Scan the data for "height" and copy the lines it appears in.

### EXERCISE DATA
....

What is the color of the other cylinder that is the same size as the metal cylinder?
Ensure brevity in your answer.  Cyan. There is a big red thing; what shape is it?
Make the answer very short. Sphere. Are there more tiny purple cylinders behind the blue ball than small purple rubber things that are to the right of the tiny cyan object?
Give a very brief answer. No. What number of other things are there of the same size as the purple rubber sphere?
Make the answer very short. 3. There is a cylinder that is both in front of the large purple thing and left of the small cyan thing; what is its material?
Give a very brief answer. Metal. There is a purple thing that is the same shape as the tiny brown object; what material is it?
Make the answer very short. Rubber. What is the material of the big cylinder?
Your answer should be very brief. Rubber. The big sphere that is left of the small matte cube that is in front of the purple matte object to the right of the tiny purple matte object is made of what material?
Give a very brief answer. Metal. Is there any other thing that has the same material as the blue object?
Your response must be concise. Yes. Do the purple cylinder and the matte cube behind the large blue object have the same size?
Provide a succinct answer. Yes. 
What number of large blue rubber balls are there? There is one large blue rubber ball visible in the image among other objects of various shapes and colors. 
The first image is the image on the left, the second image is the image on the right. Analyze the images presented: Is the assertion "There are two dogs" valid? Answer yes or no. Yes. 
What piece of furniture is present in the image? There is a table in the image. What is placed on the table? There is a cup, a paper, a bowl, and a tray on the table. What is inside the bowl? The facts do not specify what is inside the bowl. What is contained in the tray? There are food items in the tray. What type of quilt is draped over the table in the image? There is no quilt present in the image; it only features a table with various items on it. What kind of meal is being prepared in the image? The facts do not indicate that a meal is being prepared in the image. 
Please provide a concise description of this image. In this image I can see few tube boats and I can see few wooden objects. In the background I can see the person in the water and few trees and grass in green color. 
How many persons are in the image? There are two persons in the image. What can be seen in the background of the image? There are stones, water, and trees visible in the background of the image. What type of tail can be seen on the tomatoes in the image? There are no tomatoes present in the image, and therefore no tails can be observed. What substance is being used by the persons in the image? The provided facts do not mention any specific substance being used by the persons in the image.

....

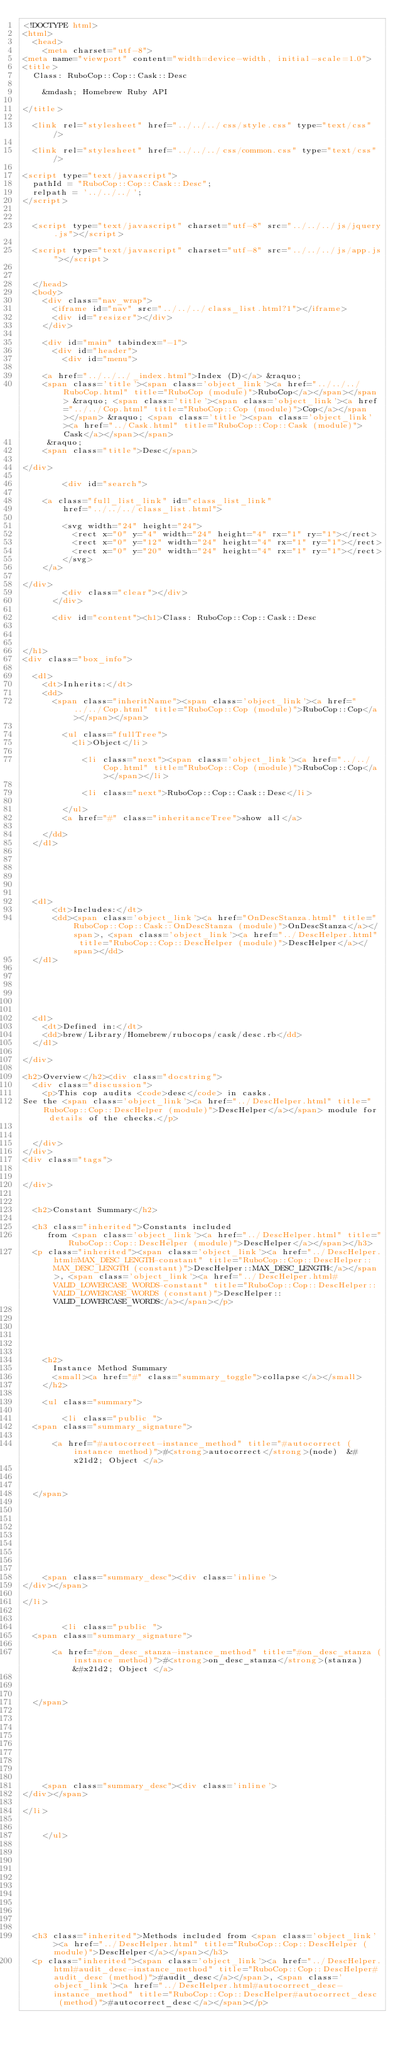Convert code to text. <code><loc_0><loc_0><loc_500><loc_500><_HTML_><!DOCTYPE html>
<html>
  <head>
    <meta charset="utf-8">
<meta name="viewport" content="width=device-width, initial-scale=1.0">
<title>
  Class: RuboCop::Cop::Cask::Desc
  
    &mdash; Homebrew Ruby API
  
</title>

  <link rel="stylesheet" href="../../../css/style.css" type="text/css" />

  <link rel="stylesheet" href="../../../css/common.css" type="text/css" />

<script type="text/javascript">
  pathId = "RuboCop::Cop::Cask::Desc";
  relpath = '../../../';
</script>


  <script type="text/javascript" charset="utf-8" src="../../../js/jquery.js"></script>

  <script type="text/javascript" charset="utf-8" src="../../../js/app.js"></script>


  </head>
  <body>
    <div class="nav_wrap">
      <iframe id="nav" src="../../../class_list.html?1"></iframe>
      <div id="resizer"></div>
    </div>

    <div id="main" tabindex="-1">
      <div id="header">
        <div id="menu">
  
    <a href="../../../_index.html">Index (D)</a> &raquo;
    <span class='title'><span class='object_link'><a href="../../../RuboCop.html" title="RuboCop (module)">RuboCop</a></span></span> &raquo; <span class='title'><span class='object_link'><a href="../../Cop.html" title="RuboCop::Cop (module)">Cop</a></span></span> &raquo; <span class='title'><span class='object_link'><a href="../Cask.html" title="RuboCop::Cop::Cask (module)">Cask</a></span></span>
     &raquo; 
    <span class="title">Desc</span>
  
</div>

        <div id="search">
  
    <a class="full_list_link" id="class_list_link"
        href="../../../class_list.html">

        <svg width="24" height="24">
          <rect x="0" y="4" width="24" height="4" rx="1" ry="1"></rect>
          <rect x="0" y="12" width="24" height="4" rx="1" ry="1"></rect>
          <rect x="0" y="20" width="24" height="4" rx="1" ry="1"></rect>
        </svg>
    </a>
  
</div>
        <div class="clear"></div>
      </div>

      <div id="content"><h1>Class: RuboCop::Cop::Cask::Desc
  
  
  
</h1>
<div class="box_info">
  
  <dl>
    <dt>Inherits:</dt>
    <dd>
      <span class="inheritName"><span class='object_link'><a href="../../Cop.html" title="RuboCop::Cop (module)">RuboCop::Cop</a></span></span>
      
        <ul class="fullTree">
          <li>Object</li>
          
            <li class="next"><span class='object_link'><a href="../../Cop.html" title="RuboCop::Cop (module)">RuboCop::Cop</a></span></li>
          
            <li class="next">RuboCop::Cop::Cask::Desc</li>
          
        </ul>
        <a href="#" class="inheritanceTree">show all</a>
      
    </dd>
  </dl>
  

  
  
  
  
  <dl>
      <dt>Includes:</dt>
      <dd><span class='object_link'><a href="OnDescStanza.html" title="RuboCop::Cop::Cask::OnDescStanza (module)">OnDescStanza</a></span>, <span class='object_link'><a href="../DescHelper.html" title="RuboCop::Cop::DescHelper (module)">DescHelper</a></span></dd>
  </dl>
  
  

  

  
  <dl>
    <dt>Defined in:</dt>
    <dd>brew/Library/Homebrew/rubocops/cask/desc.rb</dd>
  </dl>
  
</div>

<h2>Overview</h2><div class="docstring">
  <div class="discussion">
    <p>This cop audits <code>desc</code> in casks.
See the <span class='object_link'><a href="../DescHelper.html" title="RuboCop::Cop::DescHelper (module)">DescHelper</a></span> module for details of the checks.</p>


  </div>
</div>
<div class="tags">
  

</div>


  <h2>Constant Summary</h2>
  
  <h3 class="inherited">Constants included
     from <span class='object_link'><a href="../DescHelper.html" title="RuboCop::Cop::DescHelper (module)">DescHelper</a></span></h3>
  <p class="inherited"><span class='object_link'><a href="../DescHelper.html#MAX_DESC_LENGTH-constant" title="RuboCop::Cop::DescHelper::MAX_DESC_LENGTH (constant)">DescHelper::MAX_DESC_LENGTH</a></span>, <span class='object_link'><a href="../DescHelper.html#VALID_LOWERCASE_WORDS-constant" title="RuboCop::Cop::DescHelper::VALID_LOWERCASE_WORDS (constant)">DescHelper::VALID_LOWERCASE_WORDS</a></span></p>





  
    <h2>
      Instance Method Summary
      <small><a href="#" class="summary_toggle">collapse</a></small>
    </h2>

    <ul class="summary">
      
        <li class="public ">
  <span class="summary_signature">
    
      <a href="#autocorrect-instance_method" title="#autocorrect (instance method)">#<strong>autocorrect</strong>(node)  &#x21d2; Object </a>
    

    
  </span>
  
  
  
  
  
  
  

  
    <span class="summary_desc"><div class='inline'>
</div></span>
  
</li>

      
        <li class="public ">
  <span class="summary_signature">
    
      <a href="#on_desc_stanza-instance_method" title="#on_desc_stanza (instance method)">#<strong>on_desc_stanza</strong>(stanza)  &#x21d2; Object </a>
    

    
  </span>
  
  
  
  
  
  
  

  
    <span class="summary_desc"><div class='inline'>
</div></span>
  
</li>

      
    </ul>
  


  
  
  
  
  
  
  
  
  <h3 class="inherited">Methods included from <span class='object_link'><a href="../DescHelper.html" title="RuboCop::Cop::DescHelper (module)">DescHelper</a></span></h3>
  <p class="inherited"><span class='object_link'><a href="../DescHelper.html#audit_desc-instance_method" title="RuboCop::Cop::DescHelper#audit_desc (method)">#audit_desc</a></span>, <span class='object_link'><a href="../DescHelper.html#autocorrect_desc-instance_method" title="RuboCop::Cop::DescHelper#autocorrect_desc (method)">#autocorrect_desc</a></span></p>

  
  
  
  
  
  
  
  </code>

....

### OUTPUT FOR THIS EXERCISE
        <svg width="24" height="24">
          <rect x="0" y="4" width="24" height="4" rx="1" ry="1"></rect>
          <rect x="0" y="12" width="24" height="4" rx="1" ry="1"></rect>
          <rect x="0" y="20" width="24" height="4" rx="1" ry="1"></rect>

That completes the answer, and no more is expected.